What you have to do
Once the line containing "Horizontal angle of view: 99.7°." is located in the records below, repeat it and all lines that follow it exactly, leaving out any picture.

Available data
——————
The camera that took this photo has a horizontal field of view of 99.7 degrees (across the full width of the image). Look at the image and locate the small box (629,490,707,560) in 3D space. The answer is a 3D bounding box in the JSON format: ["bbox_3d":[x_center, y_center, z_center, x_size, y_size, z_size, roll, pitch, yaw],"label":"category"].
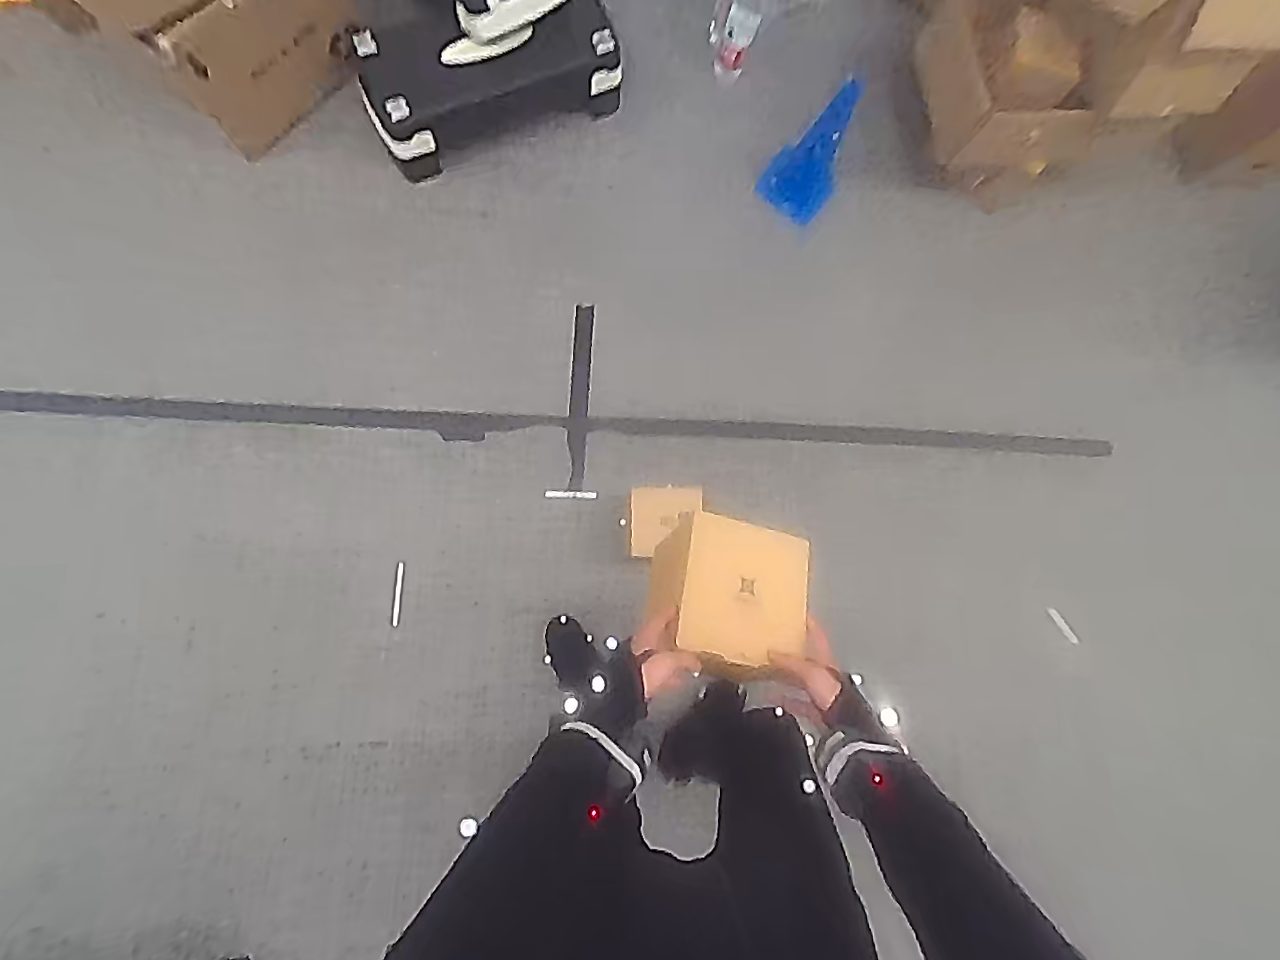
[{"bbox_3d":[0.066,0.116,1.360,0.179,0.176,0.168,0,82,-5],"label":"small box"}]

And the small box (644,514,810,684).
[{"bbox_3d":[0.113,0.171,0.738,0.168,0.176,0.179,15,65,-10],"label":"small box"}]
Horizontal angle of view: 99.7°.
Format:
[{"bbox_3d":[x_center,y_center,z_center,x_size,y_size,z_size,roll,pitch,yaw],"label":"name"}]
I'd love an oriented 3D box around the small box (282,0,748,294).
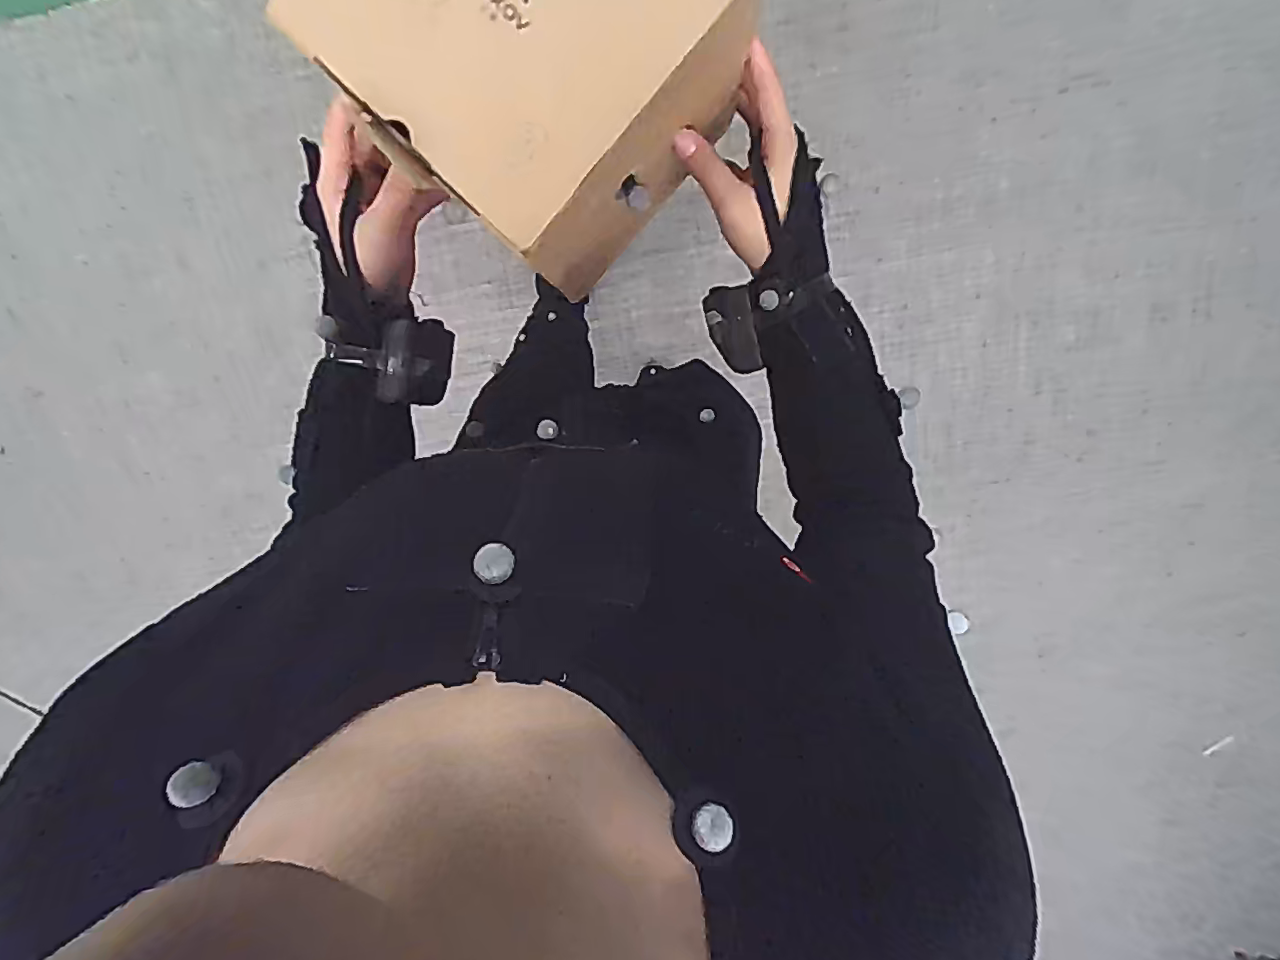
——————
Exercise output
Horizontal angle of view: 99.7°.
Format:
[{"bbox_3d":[x_center,y_center,z_center,x_size,y_size,z_size,roll,pitch,yaw],"label":"name"}]
I'd love an oriented 3D box around the small box (282,0,748,294).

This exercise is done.